We continue to press ahead to deliver reforms and tangible benefits, including publishing the Department’s response to the rail reform legislation consultation this summer, taking forward workforce reform, developing the new commercial model, and continuing to simplify fares and roll out pay-as-you-go ticketing, ahead of legislation. I was asked many questions about legislation in the debate; I can only say that we will deliver legislation when parliamentary time allows. Such decisions are made collectively across Government and can be confirmed only during the King’s Speech in autumn.

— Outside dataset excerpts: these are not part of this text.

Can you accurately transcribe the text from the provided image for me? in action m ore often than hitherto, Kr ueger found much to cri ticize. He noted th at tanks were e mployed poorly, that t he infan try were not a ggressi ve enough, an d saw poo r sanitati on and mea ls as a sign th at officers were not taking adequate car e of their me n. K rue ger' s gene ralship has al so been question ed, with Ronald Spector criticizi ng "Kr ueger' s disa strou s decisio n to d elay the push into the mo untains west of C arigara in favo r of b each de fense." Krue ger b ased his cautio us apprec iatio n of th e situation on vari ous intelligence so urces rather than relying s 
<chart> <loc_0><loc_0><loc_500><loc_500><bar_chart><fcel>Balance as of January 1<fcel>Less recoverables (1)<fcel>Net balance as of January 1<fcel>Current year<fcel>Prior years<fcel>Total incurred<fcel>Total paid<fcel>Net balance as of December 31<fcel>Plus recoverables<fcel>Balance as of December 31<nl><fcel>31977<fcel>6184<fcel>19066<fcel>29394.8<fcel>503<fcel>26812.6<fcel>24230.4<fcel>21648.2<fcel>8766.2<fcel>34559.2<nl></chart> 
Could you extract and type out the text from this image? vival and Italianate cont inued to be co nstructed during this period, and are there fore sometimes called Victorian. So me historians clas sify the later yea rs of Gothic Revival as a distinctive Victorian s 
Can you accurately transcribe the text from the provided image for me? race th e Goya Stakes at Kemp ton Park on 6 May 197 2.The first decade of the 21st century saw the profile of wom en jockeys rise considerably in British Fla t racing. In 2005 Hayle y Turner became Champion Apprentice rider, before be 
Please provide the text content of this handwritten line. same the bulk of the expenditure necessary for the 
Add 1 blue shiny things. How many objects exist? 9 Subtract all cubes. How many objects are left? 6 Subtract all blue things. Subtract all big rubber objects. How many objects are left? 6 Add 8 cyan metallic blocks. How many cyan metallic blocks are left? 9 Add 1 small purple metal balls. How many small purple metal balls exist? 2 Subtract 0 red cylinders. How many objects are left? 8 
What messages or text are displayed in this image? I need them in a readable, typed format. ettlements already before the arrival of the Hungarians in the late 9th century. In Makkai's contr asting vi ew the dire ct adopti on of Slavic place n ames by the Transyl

I heard the call from my hon. Friend the Member for Milton Keynes South (Iain Stewart), Chair of the Transport Committee; Nigel Harris is indeed an influential figure who has a lot of good ideas. With regard to the suggestion of a shadow body, I am working with my Department—I had meetings in the last week—to try to escalate and set up more of the teams, so that rather than waiting for matters to be transitioned over, they can take those matters and come up with ideas. I am not saying that our idea is exactly the same as the one put forward, but we are looking to create the very same culture. My hon. Friend is absolutely right: so much can be done without legislation, and so much is being done. Since the end of last year, I have met weekly with the team that is transitioning everything to Great British Railways to ensure that whatever can move without legislation does move. The reality is that this change project is more about getting the change delivered than, ultimately, about legislation; legislation delivers paper and powers—it does not actually deliver the change, which is what I am working on.
To the point made by my shadow, the hon. Member for Slough, it is deeply regrettable that today ASLEF has balloted its members to continue strike action. It has balloted to ask for a continuation of strikes, but it has not asked its members whether they would like to take up the fair and reasonable pay offer put forward by industry, which would take average pay from £60,000 to £65,000 for a 35-hour week. That is on the table, but it is not being put to members. We remain committed to that offer, but we ask the unions to do their part and ask their members to give their view on it. I hope that the hon. Member would join me in welcoming that stance, which could bring an end to strikes rather than seeing the unions continue to put this country and rail passengers through absolute misery.
To conclude, nationalisation is not the answer. We need simplification and modernisation. I agree with my hon. Friend the Member for Cleethorpes: privatisation has been a success story. The new model will take the very best of the private sector—innovation, an unrelenting focus on quality and outstanding customer service—and fuse it with a single guiding mind to drive benefits and efficiencies across the system as a whole. I look forward to working with all my colleagues across the House to make this reform work.
I think it is fair to say that it has been a lively debate, with contributions from many colleagues. That shows how rail issues always arouse the passions of hon. Members. In contributing, they highlight the interests of their constituents. It has been a helpful debate. I thank the Minister for his response, which I think continues the debate. I hope that as we move forward, the guiding mind, which of course is the Minister, will produce some results.
Question put and agreed to.
Resolved,
That this House has considered progress on delivering the Williams-Shapps Plan for Rail.